Development of Neural Function and Form in Drosophila
Wu, Chun-Fang   
University of Iowa, Iowa City, IA, United States

Macromolecular structures and cellular machineries are constructed under direction of genes. A proper collection of mutants should enable us to dissect the structures or mechanisms involved in neuronal development and function. The proposed study employs Drosophila mutants to study basic neuronal mechanisms and relationships between neuronal function and form during development. A recently developed cell culture system of Drosophila larval CNS allows direct morphological observation and physiological recording of developing neurons. We will continue our effort to characterize cultured larval neurons to gain baseline information for studies of neurobiological problems in this system. Neurons with distinct morphological patterns can be classified in cultures derived from various defined CNS regions. Staining by available antibodies and monoclonal antibodies raised against larval CNS will be used to refine the classification. The distinction and overlap of expression of genes controlling ion channel function will be examined among cell types. Particularly, the effects of several K+ channel mutations, of which differential expression has been suggested, will be studied by patch clamp methods To follow up on our preliminary findings, the influence of hyperexcitability on neurite outgrowth pattern among different types of cultured neurons will be further analyzed by using the K+ channel mutants.
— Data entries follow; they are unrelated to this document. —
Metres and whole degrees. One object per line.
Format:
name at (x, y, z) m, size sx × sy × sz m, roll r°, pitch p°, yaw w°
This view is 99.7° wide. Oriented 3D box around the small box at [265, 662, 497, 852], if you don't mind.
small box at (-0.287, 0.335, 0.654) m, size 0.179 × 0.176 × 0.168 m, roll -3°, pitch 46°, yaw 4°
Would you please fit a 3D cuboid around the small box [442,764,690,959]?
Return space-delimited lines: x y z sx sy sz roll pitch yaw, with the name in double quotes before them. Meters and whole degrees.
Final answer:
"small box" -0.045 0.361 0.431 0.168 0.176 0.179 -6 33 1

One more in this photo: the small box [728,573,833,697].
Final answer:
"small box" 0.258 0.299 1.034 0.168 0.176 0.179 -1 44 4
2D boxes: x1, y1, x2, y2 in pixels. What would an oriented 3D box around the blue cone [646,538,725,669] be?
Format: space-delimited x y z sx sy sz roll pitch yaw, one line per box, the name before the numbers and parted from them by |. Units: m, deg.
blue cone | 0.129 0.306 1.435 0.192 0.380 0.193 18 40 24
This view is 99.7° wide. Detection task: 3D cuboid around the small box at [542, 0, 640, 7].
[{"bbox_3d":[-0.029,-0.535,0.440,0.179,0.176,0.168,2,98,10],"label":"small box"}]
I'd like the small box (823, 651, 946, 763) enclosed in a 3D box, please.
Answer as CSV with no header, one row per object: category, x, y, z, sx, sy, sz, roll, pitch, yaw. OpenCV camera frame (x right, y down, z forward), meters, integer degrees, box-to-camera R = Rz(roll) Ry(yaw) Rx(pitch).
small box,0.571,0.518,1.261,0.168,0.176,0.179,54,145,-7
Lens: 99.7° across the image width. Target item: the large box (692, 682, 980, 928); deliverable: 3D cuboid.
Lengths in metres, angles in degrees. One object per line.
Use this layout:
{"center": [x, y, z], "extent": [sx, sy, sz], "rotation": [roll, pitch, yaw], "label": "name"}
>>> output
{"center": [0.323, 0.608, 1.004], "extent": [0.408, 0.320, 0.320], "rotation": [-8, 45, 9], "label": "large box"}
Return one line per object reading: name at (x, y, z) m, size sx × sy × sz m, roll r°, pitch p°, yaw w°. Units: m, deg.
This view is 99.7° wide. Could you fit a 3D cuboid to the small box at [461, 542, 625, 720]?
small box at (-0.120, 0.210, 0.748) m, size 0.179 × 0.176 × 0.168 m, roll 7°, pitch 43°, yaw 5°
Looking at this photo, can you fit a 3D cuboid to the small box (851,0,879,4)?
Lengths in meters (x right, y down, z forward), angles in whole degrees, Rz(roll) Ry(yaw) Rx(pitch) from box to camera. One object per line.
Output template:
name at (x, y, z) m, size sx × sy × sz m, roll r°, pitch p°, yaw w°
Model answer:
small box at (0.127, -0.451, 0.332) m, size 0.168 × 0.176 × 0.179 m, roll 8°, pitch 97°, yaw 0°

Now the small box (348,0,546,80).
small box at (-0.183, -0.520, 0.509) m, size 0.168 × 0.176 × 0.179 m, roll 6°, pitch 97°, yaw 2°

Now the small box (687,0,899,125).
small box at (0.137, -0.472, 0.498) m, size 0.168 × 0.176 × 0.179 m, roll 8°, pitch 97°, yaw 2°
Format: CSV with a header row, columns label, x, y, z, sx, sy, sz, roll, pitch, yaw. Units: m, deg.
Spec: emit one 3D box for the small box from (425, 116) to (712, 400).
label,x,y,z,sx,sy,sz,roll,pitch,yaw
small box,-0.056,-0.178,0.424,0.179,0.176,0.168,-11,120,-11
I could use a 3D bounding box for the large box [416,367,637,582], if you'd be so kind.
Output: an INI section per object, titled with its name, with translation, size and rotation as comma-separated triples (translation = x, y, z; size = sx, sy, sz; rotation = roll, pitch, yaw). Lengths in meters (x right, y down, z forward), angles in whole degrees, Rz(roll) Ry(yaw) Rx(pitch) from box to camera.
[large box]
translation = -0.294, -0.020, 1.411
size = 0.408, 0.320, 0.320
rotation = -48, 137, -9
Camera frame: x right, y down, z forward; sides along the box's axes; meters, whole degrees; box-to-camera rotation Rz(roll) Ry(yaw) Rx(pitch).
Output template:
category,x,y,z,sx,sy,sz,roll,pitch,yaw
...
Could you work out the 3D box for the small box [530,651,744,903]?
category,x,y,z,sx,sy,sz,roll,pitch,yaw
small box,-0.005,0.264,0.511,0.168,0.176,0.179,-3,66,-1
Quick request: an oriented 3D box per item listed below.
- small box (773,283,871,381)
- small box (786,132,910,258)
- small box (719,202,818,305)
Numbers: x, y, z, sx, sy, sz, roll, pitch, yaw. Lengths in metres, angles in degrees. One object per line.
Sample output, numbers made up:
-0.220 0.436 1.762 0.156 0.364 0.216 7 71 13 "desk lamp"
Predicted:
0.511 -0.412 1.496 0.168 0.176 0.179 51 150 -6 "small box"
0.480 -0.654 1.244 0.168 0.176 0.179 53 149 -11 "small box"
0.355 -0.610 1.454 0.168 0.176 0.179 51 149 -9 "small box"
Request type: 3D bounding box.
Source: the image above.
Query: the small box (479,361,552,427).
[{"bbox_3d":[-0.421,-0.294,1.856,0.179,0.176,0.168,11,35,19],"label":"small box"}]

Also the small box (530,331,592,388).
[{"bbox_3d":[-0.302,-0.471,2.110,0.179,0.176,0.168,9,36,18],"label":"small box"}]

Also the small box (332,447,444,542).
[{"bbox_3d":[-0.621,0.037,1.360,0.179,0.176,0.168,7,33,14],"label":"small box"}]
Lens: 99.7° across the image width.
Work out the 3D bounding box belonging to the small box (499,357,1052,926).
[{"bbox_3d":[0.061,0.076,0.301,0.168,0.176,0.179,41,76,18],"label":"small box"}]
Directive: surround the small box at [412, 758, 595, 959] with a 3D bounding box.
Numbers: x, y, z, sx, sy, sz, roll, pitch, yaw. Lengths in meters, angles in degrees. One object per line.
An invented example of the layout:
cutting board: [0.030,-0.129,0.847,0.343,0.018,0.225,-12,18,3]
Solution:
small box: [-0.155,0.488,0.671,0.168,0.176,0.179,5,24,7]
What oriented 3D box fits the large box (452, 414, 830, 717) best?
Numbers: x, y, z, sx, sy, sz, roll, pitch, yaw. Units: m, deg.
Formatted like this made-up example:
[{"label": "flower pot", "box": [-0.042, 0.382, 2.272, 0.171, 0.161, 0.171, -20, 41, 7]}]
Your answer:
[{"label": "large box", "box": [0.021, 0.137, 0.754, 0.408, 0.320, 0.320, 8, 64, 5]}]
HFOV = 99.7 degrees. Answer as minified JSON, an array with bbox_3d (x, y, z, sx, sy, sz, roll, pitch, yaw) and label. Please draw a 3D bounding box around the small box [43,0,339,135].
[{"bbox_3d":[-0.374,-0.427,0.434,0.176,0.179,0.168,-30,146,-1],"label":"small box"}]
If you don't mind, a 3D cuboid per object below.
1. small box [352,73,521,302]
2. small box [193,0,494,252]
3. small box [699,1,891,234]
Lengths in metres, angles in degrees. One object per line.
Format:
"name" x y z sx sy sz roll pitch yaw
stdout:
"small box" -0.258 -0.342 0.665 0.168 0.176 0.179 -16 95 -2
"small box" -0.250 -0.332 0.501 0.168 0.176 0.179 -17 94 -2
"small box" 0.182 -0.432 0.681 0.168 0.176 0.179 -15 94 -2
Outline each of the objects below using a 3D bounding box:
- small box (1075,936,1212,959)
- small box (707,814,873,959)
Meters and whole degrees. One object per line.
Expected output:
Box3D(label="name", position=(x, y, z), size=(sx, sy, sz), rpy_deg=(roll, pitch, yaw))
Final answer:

Mutations of shits gene affect membrane recycling, resulting in arrest of growth cone activity and neurite extension above 29 degrees C. Heat pulses will be applied to genetic mosaics containing a few shits sensory neurons to evaluate the effects of developmental delay and membrane recycling arrest on axonal navigation and terminal arborization and competition. The shits gene product will be identified by gel electrophoresis to study its biochemical properties and subcellular localization. To extend from this protein to other functionally related components in the molecular network controlling membrane recycling, we will isolate new mutants whose defects suppress or enhance the shits phenotype.